Его Святейшество Далай-лама понял это и соответствующим образом адаптировал свои учения на Западе. Вместо того чтобы начинать с темы опоры на духовного наставника, приравниваемого к будде, он начинал с двух истин – с того, каким существование вещей кажется, и того, как они существуют на самом деле. Он не говорил, что несколько повторений определенной мантры защитит нас от перерождения в адах, а вместо того объяснял четыре истины арьев – тех, кто неконцептуально воспринимает окончательную реальность. Он не говорил, что выпитая благословленная вода очистит множество эонов разрушительной кармы; вместо того он давал нам учения о природе ума, о том, как работают умственные омрачения, и о возможности достижения освобождения. Погружаясь в философию, которая лежит в основе буддийского мировоззрения, он просил нас глубоко над ней размышлять. Он призывал нас усомниться в собственном гневе и сострадательно открыть сердце для всех живых существ. Далай-лама придерживался прагматичного подхода; узнав, что Земля, вопреки буддийским представлениям, не плоская и вращается вокруг Солнца, он сразу сказал: если наука что-то неопровержимо доказала, нам следует принять факты и не цепляться за противоречащие им положения писаний.

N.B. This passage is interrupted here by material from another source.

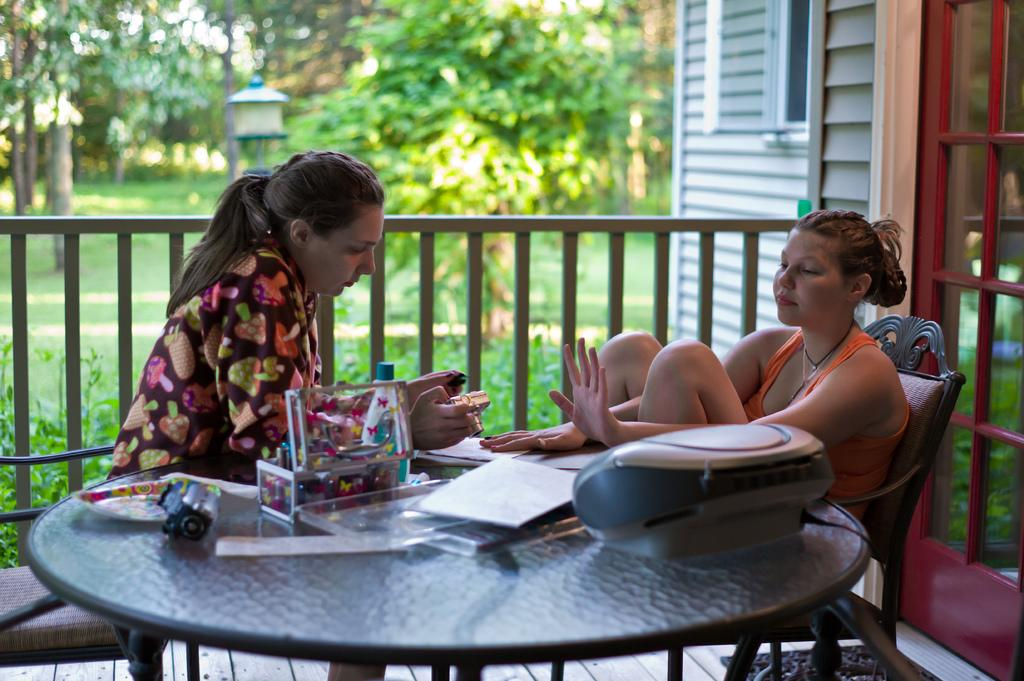How many women are in the image? There are two women in the image. What are the women doing in the image? The women are sitting on chairs. What is the arrangement of the chairs in the image? The chairs are around a table. What items can be seen on the table? There are papers, a bottle, a box, and a camera on the table. What is visible in the background of the image? There are trees and a house in the background of the image. What type of berry is being used to sweeten the sugar in the image? There is no berry or sugar present in the image. What type of needle is being used to take a picture with the camera in the image? There is no needle present in the image, and the camera does not require a needle to take a picture.

Именно в такой атмосфере в 1993 году я попросила об аудиенции у Его Святейшества; из-за его плотного расписания она состоялась только два года спустя. Во время беседы я смиренно попросила Его Святейшество написать короткий текст ламрима, предназначенный для нетибетцев, – текст, которым тибетские геше могли бы пользоваться при обучении жителей Запада. Этот текст описывал бы различные темы в порядке, подходящем людям, которые не росли в буддийской среде; он прояснял бы сомнения и вопросы, с которыми в Дхарме сталкиваются нетибетцы. Его Святейшество согласился с этой идеей, но немедленно сказал, что сначала нужно написать больший по объему комментарий, из которого затем уже и можно будет извлечь пункты, образующие коренной текст. Он попросил меня обсудить со старшими последователями Дхармы те темы, которые следовало бы включить; предоставил мне в качестве основы для работы расшифровку учений по ламриму, которые недавно даровал, и попросил начать. Я побеседовала со множеством старших западных практикующих и собрала список вопросов, тем, проблем и сомнений, по которым этим практикующим хотелось услышать мнение Его Святейшества.

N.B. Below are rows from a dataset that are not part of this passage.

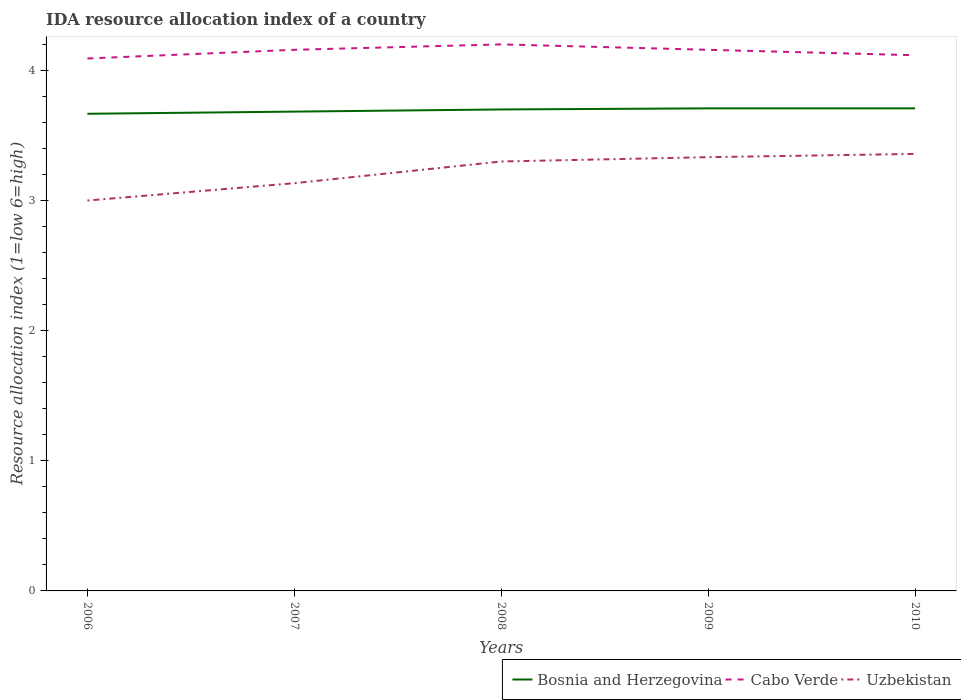What is the total IDA resource allocation index in Cabo Verde in the graph?
Keep it short and to the point. 0.08. What is the difference between the highest and the second highest IDA resource allocation index in Cabo Verde?
Keep it short and to the point. 0.11. How many lines are there?
Offer a terse response. 3. Does the graph contain any zero values?
Provide a short and direct response. No. Does the graph contain grids?
Keep it short and to the point. No. Where does the legend appear in the graph?
Your answer should be compact. Bottom right. How many legend labels are there?
Your answer should be very brief. 3. What is the title of the graph?
Offer a terse response. IDA resource allocation index of a country. What is the label or title of the X-axis?
Ensure brevity in your answer.  Years. What is the label or title of the Y-axis?
Provide a succinct answer. Resource allocation index (1=low 6=high). What is the Resource allocation index (1=low 6=high) in Bosnia and Herzegovina in 2006?
Keep it short and to the point. 3.67. What is the Resource allocation index (1=low 6=high) of Cabo Verde in 2006?
Provide a short and direct response. 4.09. What is the Resource allocation index (1=low 6=high) of Uzbekistan in 2006?
Keep it short and to the point. 3. What is the Resource allocation index (1=low 6=high) of Bosnia and Herzegovina in 2007?
Provide a short and direct response. 3.68. What is the Resource allocation index (1=low 6=high) in Cabo Verde in 2007?
Make the answer very short. 4.16. What is the Resource allocation index (1=low 6=high) of Uzbekistan in 2007?
Keep it short and to the point. 3.13. What is the Resource allocation index (1=low 6=high) in Bosnia and Herzegovina in 2008?
Offer a terse response. 3.7. What is the Resource allocation index (1=low 6=high) in Cabo Verde in 2008?
Your answer should be very brief. 4.2. What is the Resource allocation index (1=low 6=high) of Bosnia and Herzegovina in 2009?
Offer a very short reply. 3.71. What is the Resource allocation index (1=low 6=high) of Cabo Verde in 2009?
Keep it short and to the point. 4.16. What is the Resource allocation index (1=low 6=high) of Uzbekistan in 2009?
Your answer should be very brief. 3.33. What is the Resource allocation index (1=low 6=high) of Bosnia and Herzegovina in 2010?
Your answer should be compact. 3.71. What is the Resource allocation index (1=low 6=high) in Cabo Verde in 2010?
Ensure brevity in your answer.  4.12. What is the Resource allocation index (1=low 6=high) of Uzbekistan in 2010?
Your answer should be compact. 3.36. Across all years, what is the maximum Resource allocation index (1=low 6=high) in Bosnia and Herzegovina?
Ensure brevity in your answer.  3.71. Across all years, what is the maximum Resource allocation index (1=low 6=high) in Cabo Verde?
Your answer should be compact. 4.2. Across all years, what is the maximum Resource allocation index (1=low 6=high) in Uzbekistan?
Offer a terse response. 3.36. Across all years, what is the minimum Resource allocation index (1=low 6=high) of Bosnia and Herzegovina?
Provide a short and direct response. 3.67. Across all years, what is the minimum Resource allocation index (1=low 6=high) of Cabo Verde?
Offer a terse response. 4.09. Across all years, what is the minimum Resource allocation index (1=low 6=high) in Uzbekistan?
Your answer should be very brief. 3. What is the total Resource allocation index (1=low 6=high) of Bosnia and Herzegovina in the graph?
Keep it short and to the point. 18.47. What is the total Resource allocation index (1=low 6=high) of Cabo Verde in the graph?
Offer a very short reply. 20.73. What is the total Resource allocation index (1=low 6=high) of Uzbekistan in the graph?
Offer a very short reply. 16.12. What is the difference between the Resource allocation index (1=low 6=high) in Bosnia and Herzegovina in 2006 and that in 2007?
Your response must be concise. -0.02. What is the difference between the Resource allocation index (1=low 6=high) in Cabo Verde in 2006 and that in 2007?
Provide a short and direct response. -0.07. What is the difference between the Resource allocation index (1=low 6=high) in Uzbekistan in 2006 and that in 2007?
Ensure brevity in your answer.  -0.13. What is the difference between the Resource allocation index (1=low 6=high) of Bosnia and Herzegovina in 2006 and that in 2008?
Keep it short and to the point. -0.03. What is the difference between the Resource allocation index (1=low 6=high) in Cabo Verde in 2006 and that in 2008?
Provide a short and direct response. -0.11. What is the difference between the Resource allocation index (1=low 6=high) of Uzbekistan in 2006 and that in 2008?
Give a very brief answer. -0.3. What is the difference between the Resource allocation index (1=low 6=high) in Bosnia and Herzegovina in 2006 and that in 2009?
Provide a succinct answer. -0.04. What is the difference between the Resource allocation index (1=low 6=high) of Cabo Verde in 2006 and that in 2009?
Your answer should be compact. -0.07. What is the difference between the Resource allocation index (1=low 6=high) of Uzbekistan in 2006 and that in 2009?
Offer a terse response. -0.33. What is the difference between the Resource allocation index (1=low 6=high) in Bosnia and Herzegovina in 2006 and that in 2010?
Your answer should be compact. -0.04. What is the difference between the Resource allocation index (1=low 6=high) of Cabo Verde in 2006 and that in 2010?
Offer a very short reply. -0.03. What is the difference between the Resource allocation index (1=low 6=high) in Uzbekistan in 2006 and that in 2010?
Give a very brief answer. -0.36. What is the difference between the Resource allocation index (1=low 6=high) of Bosnia and Herzegovina in 2007 and that in 2008?
Offer a terse response. -0.02. What is the difference between the Resource allocation index (1=low 6=high) of Cabo Verde in 2007 and that in 2008?
Ensure brevity in your answer.  -0.04. What is the difference between the Resource allocation index (1=low 6=high) in Bosnia and Herzegovina in 2007 and that in 2009?
Give a very brief answer. -0.03. What is the difference between the Resource allocation index (1=low 6=high) in Cabo Verde in 2007 and that in 2009?
Your response must be concise. 0. What is the difference between the Resource allocation index (1=low 6=high) of Uzbekistan in 2007 and that in 2009?
Ensure brevity in your answer.  -0.2. What is the difference between the Resource allocation index (1=low 6=high) of Bosnia and Herzegovina in 2007 and that in 2010?
Offer a terse response. -0.03. What is the difference between the Resource allocation index (1=low 6=high) in Cabo Verde in 2007 and that in 2010?
Your answer should be very brief. 0.04. What is the difference between the Resource allocation index (1=low 6=high) in Uzbekistan in 2007 and that in 2010?
Provide a short and direct response. -0.23. What is the difference between the Resource allocation index (1=low 6=high) in Bosnia and Herzegovina in 2008 and that in 2009?
Your answer should be very brief. -0.01. What is the difference between the Resource allocation index (1=low 6=high) of Cabo Verde in 2008 and that in 2009?
Give a very brief answer. 0.04. What is the difference between the Resource allocation index (1=low 6=high) of Uzbekistan in 2008 and that in 2009?
Offer a terse response. -0.03. What is the difference between the Resource allocation index (1=low 6=high) in Bosnia and Herzegovina in 2008 and that in 2010?
Your response must be concise. -0.01. What is the difference between the Resource allocation index (1=low 6=high) of Cabo Verde in 2008 and that in 2010?
Provide a short and direct response. 0.08. What is the difference between the Resource allocation index (1=low 6=high) of Uzbekistan in 2008 and that in 2010?
Offer a very short reply. -0.06. What is the difference between the Resource allocation index (1=low 6=high) in Cabo Verde in 2009 and that in 2010?
Make the answer very short. 0.04. What is the difference between the Resource allocation index (1=low 6=high) in Uzbekistan in 2009 and that in 2010?
Your response must be concise. -0.03. What is the difference between the Resource allocation index (1=low 6=high) of Bosnia and Herzegovina in 2006 and the Resource allocation index (1=low 6=high) of Cabo Verde in 2007?
Offer a very short reply. -0.49. What is the difference between the Resource allocation index (1=low 6=high) in Bosnia and Herzegovina in 2006 and the Resource allocation index (1=low 6=high) in Uzbekistan in 2007?
Provide a short and direct response. 0.53. What is the difference between the Resource allocation index (1=low 6=high) of Cabo Verde in 2006 and the Resource allocation index (1=low 6=high) of Uzbekistan in 2007?
Provide a short and direct response. 0.96. What is the difference between the Resource allocation index (1=low 6=high) in Bosnia and Herzegovina in 2006 and the Resource allocation index (1=low 6=high) in Cabo Verde in 2008?
Your answer should be very brief. -0.53. What is the difference between the Resource allocation index (1=low 6=high) of Bosnia and Herzegovina in 2006 and the Resource allocation index (1=low 6=high) of Uzbekistan in 2008?
Offer a very short reply. 0.37. What is the difference between the Resource allocation index (1=low 6=high) of Cabo Verde in 2006 and the Resource allocation index (1=low 6=high) of Uzbekistan in 2008?
Your answer should be very brief. 0.79. What is the difference between the Resource allocation index (1=low 6=high) of Bosnia and Herzegovina in 2006 and the Resource allocation index (1=low 6=high) of Cabo Verde in 2009?
Your response must be concise. -0.49. What is the difference between the Resource allocation index (1=low 6=high) of Cabo Verde in 2006 and the Resource allocation index (1=low 6=high) of Uzbekistan in 2009?
Ensure brevity in your answer.  0.76. What is the difference between the Resource allocation index (1=low 6=high) in Bosnia and Herzegovina in 2006 and the Resource allocation index (1=low 6=high) in Cabo Verde in 2010?
Offer a terse response. -0.45. What is the difference between the Resource allocation index (1=low 6=high) in Bosnia and Herzegovina in 2006 and the Resource allocation index (1=low 6=high) in Uzbekistan in 2010?
Ensure brevity in your answer.  0.31. What is the difference between the Resource allocation index (1=low 6=high) of Cabo Verde in 2006 and the Resource allocation index (1=low 6=high) of Uzbekistan in 2010?
Your answer should be very brief. 0.73. What is the difference between the Resource allocation index (1=low 6=high) of Bosnia and Herzegovina in 2007 and the Resource allocation index (1=low 6=high) of Cabo Verde in 2008?
Offer a terse response. -0.52. What is the difference between the Resource allocation index (1=low 6=high) in Bosnia and Herzegovina in 2007 and the Resource allocation index (1=low 6=high) in Uzbekistan in 2008?
Offer a terse response. 0.38. What is the difference between the Resource allocation index (1=low 6=high) in Cabo Verde in 2007 and the Resource allocation index (1=low 6=high) in Uzbekistan in 2008?
Your answer should be very brief. 0.86. What is the difference between the Resource allocation index (1=low 6=high) in Bosnia and Herzegovina in 2007 and the Resource allocation index (1=low 6=high) in Cabo Verde in 2009?
Make the answer very short. -0.47. What is the difference between the Resource allocation index (1=low 6=high) of Bosnia and Herzegovina in 2007 and the Resource allocation index (1=low 6=high) of Uzbekistan in 2009?
Your answer should be compact. 0.35. What is the difference between the Resource allocation index (1=low 6=high) in Cabo Verde in 2007 and the Resource allocation index (1=low 6=high) in Uzbekistan in 2009?
Your answer should be compact. 0.82. What is the difference between the Resource allocation index (1=low 6=high) in Bosnia and Herzegovina in 2007 and the Resource allocation index (1=low 6=high) in Cabo Verde in 2010?
Keep it short and to the point. -0.43. What is the difference between the Resource allocation index (1=low 6=high) of Bosnia and Herzegovina in 2007 and the Resource allocation index (1=low 6=high) of Uzbekistan in 2010?
Your answer should be compact. 0.33. What is the difference between the Resource allocation index (1=low 6=high) in Bosnia and Herzegovina in 2008 and the Resource allocation index (1=low 6=high) in Cabo Verde in 2009?
Provide a short and direct response. -0.46. What is the difference between the Resource allocation index (1=low 6=high) in Bosnia and Herzegovina in 2008 and the Resource allocation index (1=low 6=high) in Uzbekistan in 2009?
Keep it short and to the point. 0.37. What is the difference between the Resource allocation index (1=low 6=high) in Cabo Verde in 2008 and the Resource allocation index (1=low 6=high) in Uzbekistan in 2009?
Give a very brief answer. 0.87. What is the difference between the Resource allocation index (1=low 6=high) of Bosnia and Herzegovina in 2008 and the Resource allocation index (1=low 6=high) of Cabo Verde in 2010?
Provide a succinct answer. -0.42. What is the difference between the Resource allocation index (1=low 6=high) in Bosnia and Herzegovina in 2008 and the Resource allocation index (1=low 6=high) in Uzbekistan in 2010?
Keep it short and to the point. 0.34. What is the difference between the Resource allocation index (1=low 6=high) in Cabo Verde in 2008 and the Resource allocation index (1=low 6=high) in Uzbekistan in 2010?
Give a very brief answer. 0.84. What is the difference between the Resource allocation index (1=low 6=high) of Bosnia and Herzegovina in 2009 and the Resource allocation index (1=low 6=high) of Cabo Verde in 2010?
Keep it short and to the point. -0.41. What is the difference between the Resource allocation index (1=low 6=high) in Bosnia and Herzegovina in 2009 and the Resource allocation index (1=low 6=high) in Uzbekistan in 2010?
Provide a short and direct response. 0.35. What is the difference between the Resource allocation index (1=low 6=high) in Cabo Verde in 2009 and the Resource allocation index (1=low 6=high) in Uzbekistan in 2010?
Make the answer very short. 0.8. What is the average Resource allocation index (1=low 6=high) of Bosnia and Herzegovina per year?
Offer a very short reply. 3.69. What is the average Resource allocation index (1=low 6=high) of Cabo Verde per year?
Your answer should be very brief. 4.14. What is the average Resource allocation index (1=low 6=high) in Uzbekistan per year?
Make the answer very short. 3.23. In the year 2006, what is the difference between the Resource allocation index (1=low 6=high) in Bosnia and Herzegovina and Resource allocation index (1=low 6=high) in Cabo Verde?
Make the answer very short. -0.42. In the year 2006, what is the difference between the Resource allocation index (1=low 6=high) of Bosnia and Herzegovina and Resource allocation index (1=low 6=high) of Uzbekistan?
Your answer should be compact. 0.67. In the year 2006, what is the difference between the Resource allocation index (1=low 6=high) in Cabo Verde and Resource allocation index (1=low 6=high) in Uzbekistan?
Offer a very short reply. 1.09. In the year 2007, what is the difference between the Resource allocation index (1=low 6=high) of Bosnia and Herzegovina and Resource allocation index (1=low 6=high) of Cabo Verde?
Give a very brief answer. -0.47. In the year 2007, what is the difference between the Resource allocation index (1=low 6=high) of Bosnia and Herzegovina and Resource allocation index (1=low 6=high) of Uzbekistan?
Offer a terse response. 0.55. In the year 2008, what is the difference between the Resource allocation index (1=low 6=high) of Bosnia and Herzegovina and Resource allocation index (1=low 6=high) of Uzbekistan?
Provide a short and direct response. 0.4. In the year 2008, what is the difference between the Resource allocation index (1=low 6=high) of Cabo Verde and Resource allocation index (1=low 6=high) of Uzbekistan?
Make the answer very short. 0.9. In the year 2009, what is the difference between the Resource allocation index (1=low 6=high) of Bosnia and Herzegovina and Resource allocation index (1=low 6=high) of Cabo Verde?
Provide a short and direct response. -0.45. In the year 2009, what is the difference between the Resource allocation index (1=low 6=high) of Cabo Verde and Resource allocation index (1=low 6=high) of Uzbekistan?
Provide a succinct answer. 0.82. In the year 2010, what is the difference between the Resource allocation index (1=low 6=high) of Bosnia and Herzegovina and Resource allocation index (1=low 6=high) of Cabo Verde?
Offer a terse response. -0.41. In the year 2010, what is the difference between the Resource allocation index (1=low 6=high) of Cabo Verde and Resource allocation index (1=low 6=high) of Uzbekistan?
Offer a very short reply. 0.76. What is the ratio of the Resource allocation index (1=low 6=high) in Uzbekistan in 2006 to that in 2007?
Keep it short and to the point. 0.96. What is the ratio of the Resource allocation index (1=low 6=high) of Bosnia and Herzegovina in 2006 to that in 2008?
Keep it short and to the point. 0.99. What is the ratio of the Resource allocation index (1=low 6=high) of Cabo Verde in 2006 to that in 2008?
Your answer should be compact. 0.97. What is the ratio of the Resource allocation index (1=low 6=high) in Uzbekistan in 2006 to that in 2008?
Ensure brevity in your answer.  0.91. What is the ratio of the Resource allocation index (1=low 6=high) of Bosnia and Herzegovina in 2006 to that in 2009?
Your response must be concise. 0.99. What is the ratio of the Resource allocation index (1=low 6=high) in Cabo Verde in 2006 to that in 2010?
Provide a succinct answer. 0.99. What is the ratio of the Resource allocation index (1=low 6=high) in Uzbekistan in 2006 to that in 2010?
Keep it short and to the point. 0.89. What is the ratio of the Resource allocation index (1=low 6=high) of Cabo Verde in 2007 to that in 2008?
Your answer should be compact. 0.99. What is the ratio of the Resource allocation index (1=low 6=high) in Uzbekistan in 2007 to that in 2008?
Offer a terse response. 0.95. What is the ratio of the Resource allocation index (1=low 6=high) in Bosnia and Herzegovina in 2007 to that in 2009?
Your response must be concise. 0.99. What is the ratio of the Resource allocation index (1=low 6=high) of Cabo Verde in 2007 to that in 2009?
Keep it short and to the point. 1. What is the ratio of the Resource allocation index (1=low 6=high) in Bosnia and Herzegovina in 2007 to that in 2010?
Your answer should be compact. 0.99. What is the ratio of the Resource allocation index (1=low 6=high) in Cabo Verde in 2007 to that in 2010?
Your answer should be compact. 1.01. What is the ratio of the Resource allocation index (1=low 6=high) in Uzbekistan in 2007 to that in 2010?
Your answer should be very brief. 0.93. What is the ratio of the Resource allocation index (1=low 6=high) of Cabo Verde in 2008 to that in 2010?
Provide a succinct answer. 1.02. What is the ratio of the Resource allocation index (1=low 6=high) of Uzbekistan in 2008 to that in 2010?
Offer a very short reply. 0.98. What is the ratio of the Resource allocation index (1=low 6=high) of Cabo Verde in 2009 to that in 2010?
Your answer should be very brief. 1.01. What is the difference between the highest and the second highest Resource allocation index (1=low 6=high) of Cabo Verde?
Provide a succinct answer. 0.04. What is the difference between the highest and the second highest Resource allocation index (1=low 6=high) in Uzbekistan?
Your response must be concise. 0.03. What is the difference between the highest and the lowest Resource allocation index (1=low 6=high) of Bosnia and Herzegovina?
Provide a short and direct response. 0.04. What is the difference between the highest and the lowest Resource allocation index (1=low 6=high) in Cabo Verde?
Make the answer very short. 0.11. What is the difference between the highest and the lowest Resource allocation index (1=low 6=high) in Uzbekistan?
Provide a succinct answer. 0.36.

В последующие годы я несколько раз встречалась с Его Святейшеством, чтобы обсудить эти темы и продемонстрировать ему работу над рукописью, которую я к тому моменту успевала осуществить. За проведенное вместе время Его Святейшество по моей просьбе давал учения по одним темам, более подробно прояснял другие и отвечал на множество собранных мной вопросов. Казалось, он получает от этих сессий большое удовольствие; обычно в качестве гостей он приглашал на них других геше и своего брата. Я задавала вопрос, и они оживленно обсуждали ответ по-тибетски: Его Святейшество спрашивал, что думают геше, и озвучивал соображения, которые им на ум не пришли. Через какое-то время переводчик предоставлял мне общий вывод из обсуждения.

По мере того как я добавляла все больше материалов из множества устных учений Его Святейшества и наших личных встреч, рукопись становилась толще и толще. Я начала понимать, что назначение этой серии книг – в том, чтобы заполнить лакуны между краткими текстами ламрима с учениями, которые ламы давали на Западе, с одной стороны, и длинными философскими трактатами, которые переводили на английский ученые, – с другой. Западные практикующие нуждались в тексте на своем собственном языке – тексте, который кратко описывал бы основные темы философских трактатов и при этом также мог бы стать основой для аналитических медитаций на ламриме.